The First Draft tool writes to be revised. Don't expect perfection — expect a complete draft that you can work with. That's what it's for.
Revise & Expand
The Revise & Expand tool is where the draft becomes the book it was meant to be. This is the connected pipeline tool — built for writers who have been through Start Here, Outline, and First Draft. Your Foundation, Outline, and manuscript all load directly from your saved projects. No uploading, no copy-pasting.
The tool reads your whole manuscript, builds a context card from your voice, your characters, your world, and carries that context into every pass you run. The revision of Chapter 12 sounds like it belongs to the same book as Chapter 1 — because the tool knows it does.
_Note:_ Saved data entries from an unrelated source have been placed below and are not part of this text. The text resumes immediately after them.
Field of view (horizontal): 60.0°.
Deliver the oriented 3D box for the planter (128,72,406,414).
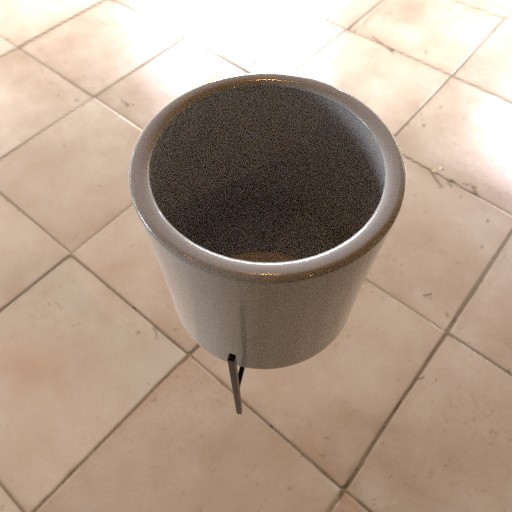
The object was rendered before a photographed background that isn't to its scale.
[{"bbox_3d":[0.000,0.000,0.736,0.361,0.480,0.360,35,65,19],"label":"planter"}]
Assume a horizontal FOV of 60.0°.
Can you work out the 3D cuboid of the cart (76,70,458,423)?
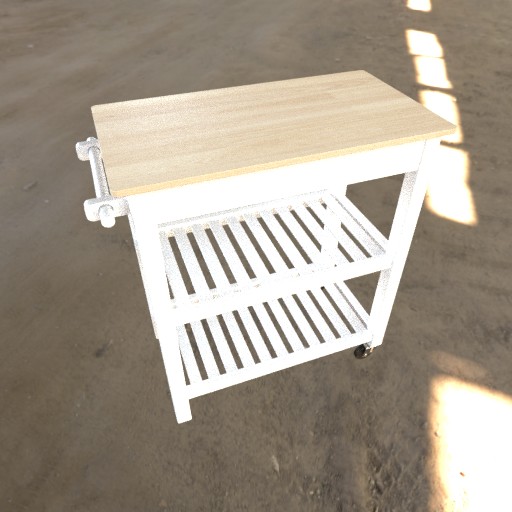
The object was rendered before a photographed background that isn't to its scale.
[{"bbox_3d":[0.000,0.000,1.431,0.899,0.927,0.457,-14,42,-15],"label":"cart"}]
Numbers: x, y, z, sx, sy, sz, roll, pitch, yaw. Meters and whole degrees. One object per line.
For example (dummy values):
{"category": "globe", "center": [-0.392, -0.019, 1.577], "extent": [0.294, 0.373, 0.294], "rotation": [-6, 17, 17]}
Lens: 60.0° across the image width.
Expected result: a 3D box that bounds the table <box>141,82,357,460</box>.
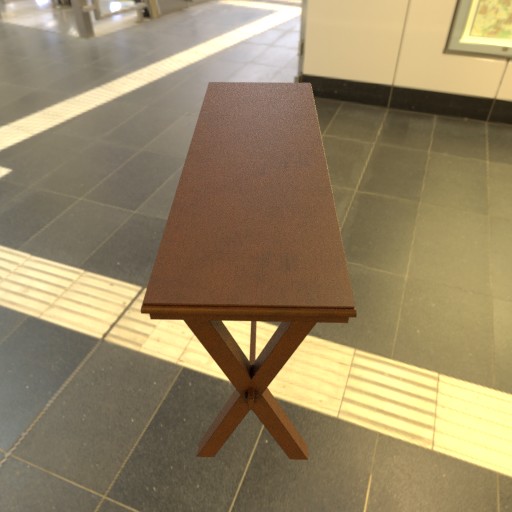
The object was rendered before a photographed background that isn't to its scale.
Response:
{"category": "table", "center": [0.000, 0.000, 1.514], "extent": [0.399, 0.763, 1.197], "rotation": [1, 40, 1]}
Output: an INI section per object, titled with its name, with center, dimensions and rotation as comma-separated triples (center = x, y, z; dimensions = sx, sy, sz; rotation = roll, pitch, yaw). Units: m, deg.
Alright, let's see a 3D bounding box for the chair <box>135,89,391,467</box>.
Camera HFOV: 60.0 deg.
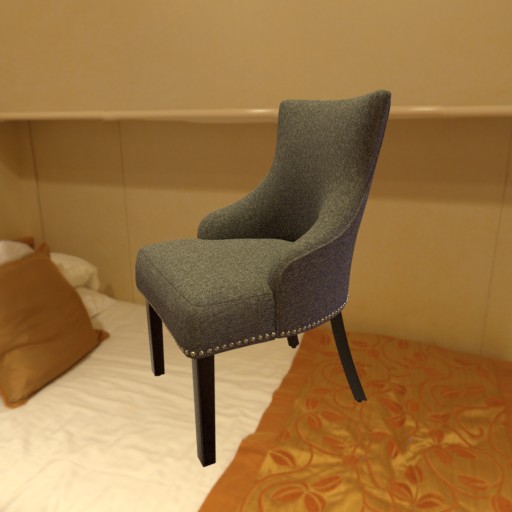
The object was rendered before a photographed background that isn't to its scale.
[chair]
center = 0.000, 0.000, 1.310
dimensions = 0.629, 0.909, 0.566
rotation = -8, 18, -26
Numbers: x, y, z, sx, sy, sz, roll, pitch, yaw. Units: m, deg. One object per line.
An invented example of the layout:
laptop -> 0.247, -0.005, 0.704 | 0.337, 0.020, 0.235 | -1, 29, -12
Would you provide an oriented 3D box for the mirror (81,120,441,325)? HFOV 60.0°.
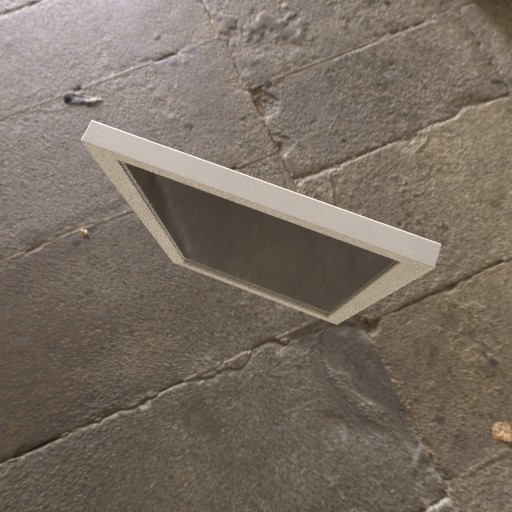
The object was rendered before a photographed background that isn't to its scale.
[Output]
mirror -> 0.000, 0.000, 0.941 | 0.507, 0.710, 0.040 | 20, 76, 5
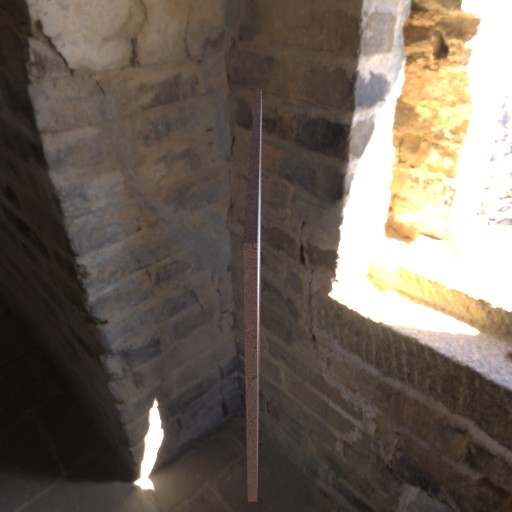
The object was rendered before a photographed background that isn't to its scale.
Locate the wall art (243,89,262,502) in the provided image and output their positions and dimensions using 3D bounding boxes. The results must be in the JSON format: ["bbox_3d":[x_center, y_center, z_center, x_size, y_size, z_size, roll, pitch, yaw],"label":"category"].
[{"bbox_3d":[0.000,0.000,1.139,0.019,0.626,0.917,1,33,1],"label":"wall art"}]
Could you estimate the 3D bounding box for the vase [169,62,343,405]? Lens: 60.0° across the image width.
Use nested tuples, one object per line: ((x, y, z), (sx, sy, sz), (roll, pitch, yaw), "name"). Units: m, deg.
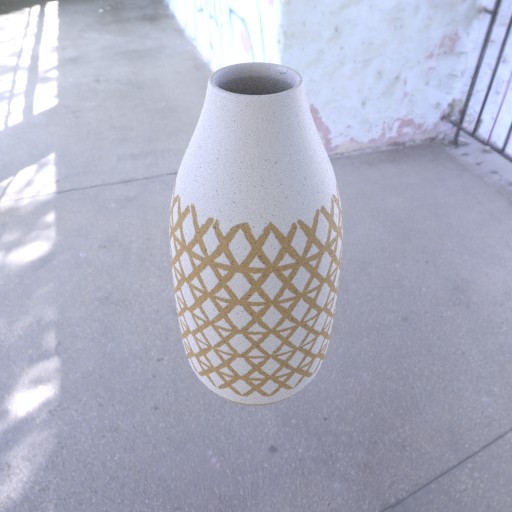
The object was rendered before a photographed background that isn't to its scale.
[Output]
((0.000, 0.000, 0.478), (0.186, 0.380, 0.186), (0, 42, 0), "vase")
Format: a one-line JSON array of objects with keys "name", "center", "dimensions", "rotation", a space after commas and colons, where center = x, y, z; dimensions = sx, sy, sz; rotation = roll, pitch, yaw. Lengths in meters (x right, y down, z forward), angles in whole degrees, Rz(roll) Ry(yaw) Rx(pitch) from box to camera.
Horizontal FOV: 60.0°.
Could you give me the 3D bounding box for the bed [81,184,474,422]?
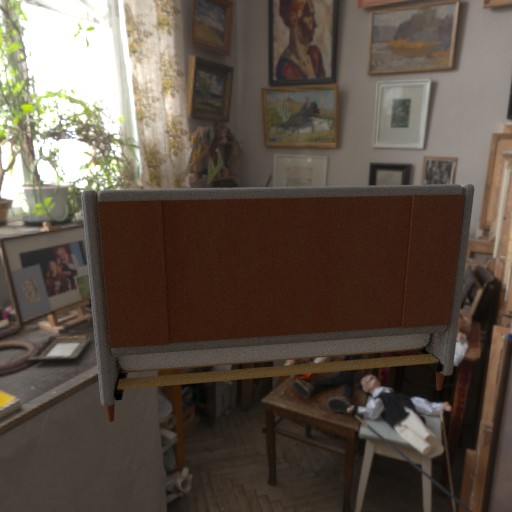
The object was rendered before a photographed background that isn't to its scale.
[{"name": "bed", "center": [0.000, 0.000, 3.506], "dimensions": [2.062, 1.289, 2.342], "rotation": [-2, 14, -9]}]
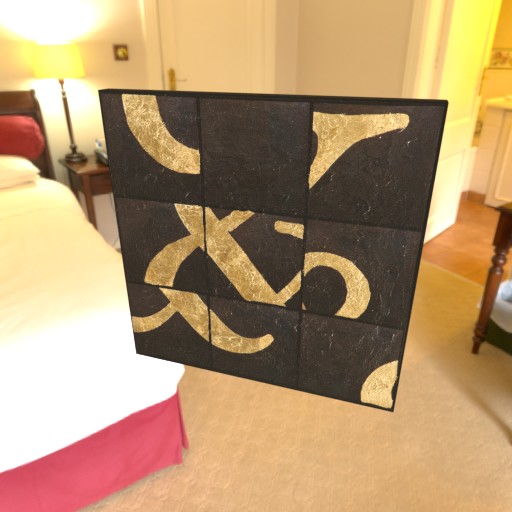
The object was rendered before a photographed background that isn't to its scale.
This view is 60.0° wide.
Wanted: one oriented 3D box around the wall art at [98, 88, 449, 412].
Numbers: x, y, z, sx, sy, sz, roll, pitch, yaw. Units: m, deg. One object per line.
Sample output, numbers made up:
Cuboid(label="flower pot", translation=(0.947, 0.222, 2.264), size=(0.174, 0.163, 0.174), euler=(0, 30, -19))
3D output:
Cuboid(label="wall art", translation=(0.000, 0.000, 1.101), size=(0.758, 0.758, 0.044), euler=(8, 27, 16))
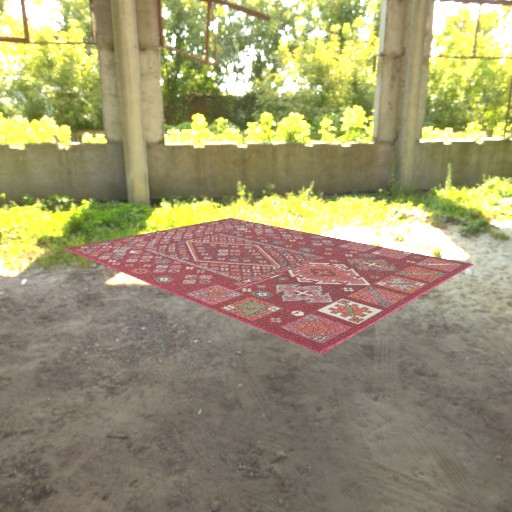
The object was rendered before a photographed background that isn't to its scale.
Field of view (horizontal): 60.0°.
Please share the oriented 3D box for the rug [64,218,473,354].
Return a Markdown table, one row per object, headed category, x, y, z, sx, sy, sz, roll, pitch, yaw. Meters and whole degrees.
| category | x | y | z | sx | sy | sz | roll | pitch | yaw |
| --- | --- | --- | --- | --- | --- | --- | --- | --- | --- |
| rug | 0.000 | 0.000 | 4.390 | 3.306 | 0.011 | 2.389 | 15 | 21 | 42 |
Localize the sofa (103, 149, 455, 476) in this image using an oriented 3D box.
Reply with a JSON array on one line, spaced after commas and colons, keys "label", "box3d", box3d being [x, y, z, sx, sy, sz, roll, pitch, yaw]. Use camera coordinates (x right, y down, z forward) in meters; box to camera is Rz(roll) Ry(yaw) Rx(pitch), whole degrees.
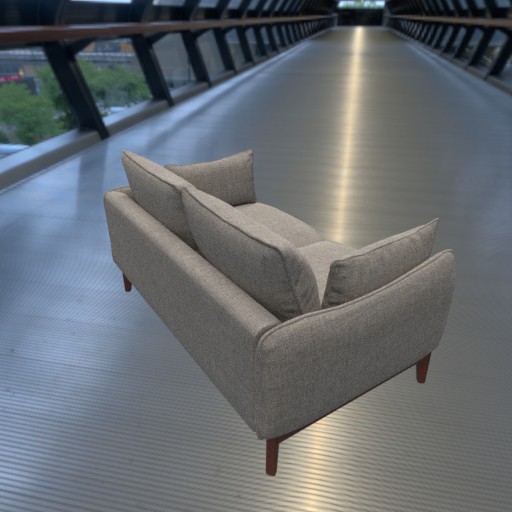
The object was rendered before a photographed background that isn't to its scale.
[{"label": "sofa", "box3d": [0.000, 0.000, 2.114, 0.972, 0.851, 1.580, -17, 32, -30]}]
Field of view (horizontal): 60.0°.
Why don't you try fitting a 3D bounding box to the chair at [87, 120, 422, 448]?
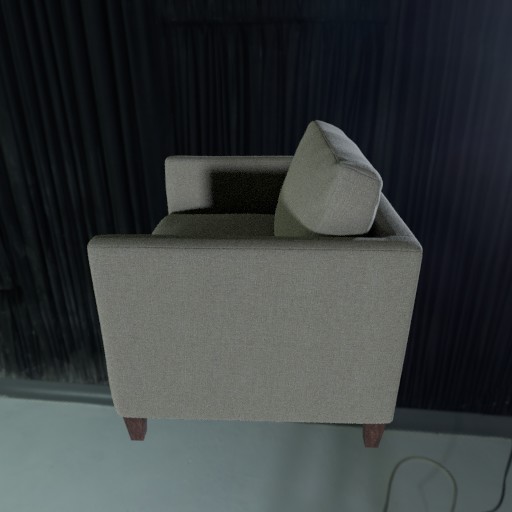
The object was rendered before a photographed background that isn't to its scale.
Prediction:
[{"bbox_3d":[0.000,0.000,1.786,0.959,0.963,1.107,1,26,2],"label":"chair"}]
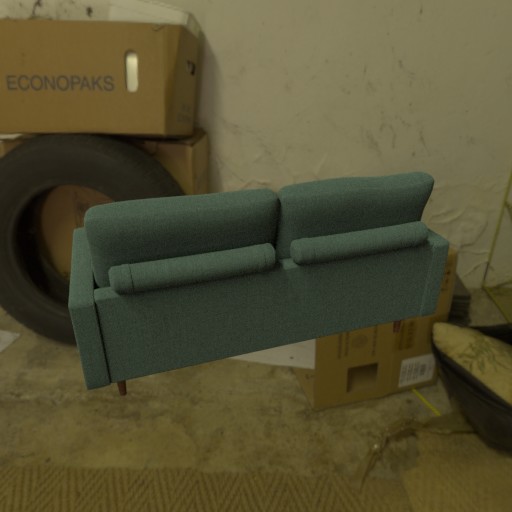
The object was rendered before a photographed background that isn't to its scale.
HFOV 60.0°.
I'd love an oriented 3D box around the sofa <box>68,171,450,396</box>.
[{"bbox_3d":[0.000,0.000,2.624,2.010,1.050,0.966,-9,28,-17],"label":"sofa"}]
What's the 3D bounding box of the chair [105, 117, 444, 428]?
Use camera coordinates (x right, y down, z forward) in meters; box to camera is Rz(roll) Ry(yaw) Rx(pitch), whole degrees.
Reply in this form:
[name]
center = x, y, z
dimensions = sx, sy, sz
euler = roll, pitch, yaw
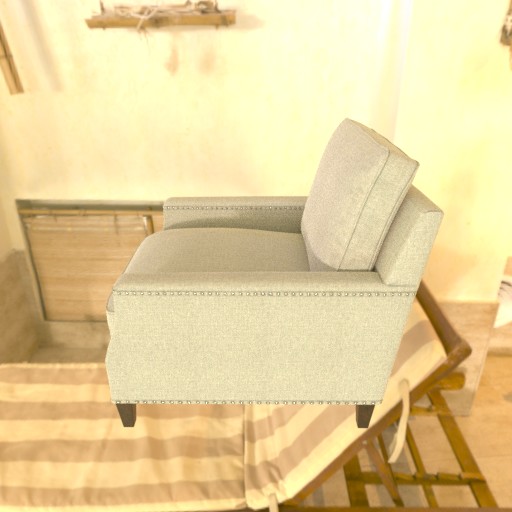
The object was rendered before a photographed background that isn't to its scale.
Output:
[chair]
center = 0.000, 0.000, 1.699
dimensions = 1.014, 0.943, 0.853
euler = 0, 25, 0
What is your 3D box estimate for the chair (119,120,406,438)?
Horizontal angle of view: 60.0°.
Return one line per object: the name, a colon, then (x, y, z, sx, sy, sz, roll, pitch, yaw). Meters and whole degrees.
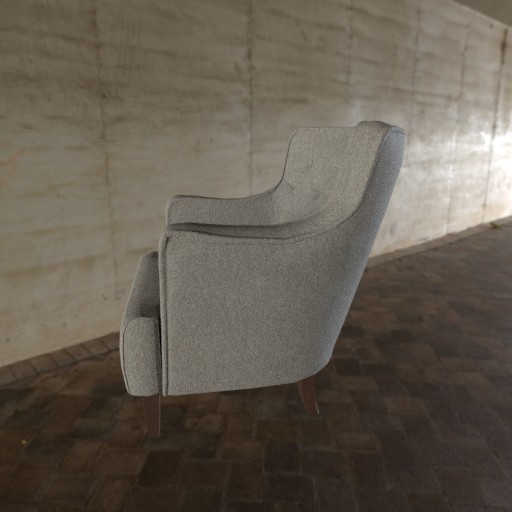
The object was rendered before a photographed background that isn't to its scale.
chair: (0.000, 0.000, 1.588, 0.910, 0.920, 0.820, -2, 15, -9)
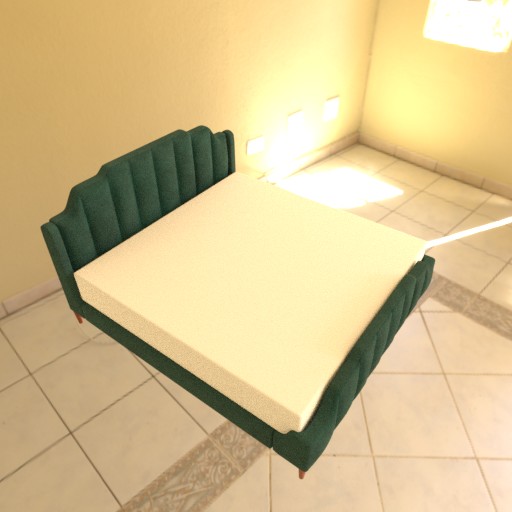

The workflow is chapter by chapter. Select a chapter, choose a pass, add anything the tool doesn't already know, run it. Approve what works — or try again with more context. When all chapters are approved, download one clean compiled manuscript as a single .rtf file. No more titleV2_FINAL_forreal.
The "Anything else before this pass?" field replaces the old scene intent fields. Your Foundation and Outline already carry your characters, world, and story structure — so you only need to add what those documents don't already say. The mood of this chapter. A specific detail. Something only you know.
After the tool runs a pass, the output is a suggestion — not a replacement. Read it carefully. Take what serves your story. Rewrite what doesn't. Your voice leads.
Standalone Editor
The Standalone Editor is for writers who started writing before they found AuthorUnlocked. Upload your manuscript — the tool reads your voice, your characters, your world, and builds a context card it carries into every pass. Same eleven passes. No pipeline required.
Series writers can upload reference material alongside their manuscript — previous books in the series, character sheets, style notes, a series bible. The tool reads everything and builds a unified context card that knows the complete history of your world. Character details established in Book 1 travel into every pass on Book 3.
The chapter dropdown detects chapter markers in your manuscript automatically — so you can work chapter by chapter without copy-pasting. Select a chapter, run a pass, approve it, move to the next. When you're done, download one clean compiled manuscript.
The scene intent fields are available for writers who want to add more context — what your character believes at the start of the scene, what happens to that belief, how you want the reader to feel, and what you see that isn't on the page yet. These are optional but powerful.
The Standalone Editor and Revise & Expand run the same eleven passes. The difference is context — Revise & Expand knows your full pipeline. The Standalone Editor reads what you give it and builds from there.
Six ways to
tighten your prose.
Revision passes work on existing prose — tightening, clarifying, sharpening. They don't add content. They make what's there do more work.
Four ways to
deepen your scenes.
Expansion passes add content — they find the thin places in your prose and fill them in. They always make the scene longer. Use them on scenes that feel rushed, underdeveloped, or emotionally flat.
One pass that
changes everything.
The Transform pass is different from revision and expansion. It doesn't tighten or add — it converts. It takes one form of writing and transforms it into another, preserving every intention along the way.
When your world
spans multiple books.
AuthorUnlocked is built to handle series writing — and the more context you give it, the more precisely it can serve your specific world.
This matters for continuity. If Book 1 established that a character's pendant is a silver cross, the tool will carry that detail into every pass on Book 3. Character voices, world rules, recurring symbols — all of it travels with the context card.
For series writers: maintain a running series bible document that you update after each book is complete. Upload it as reference material in every subsequent book's sessions. The more history the tool can read, the more accurately it serves your world.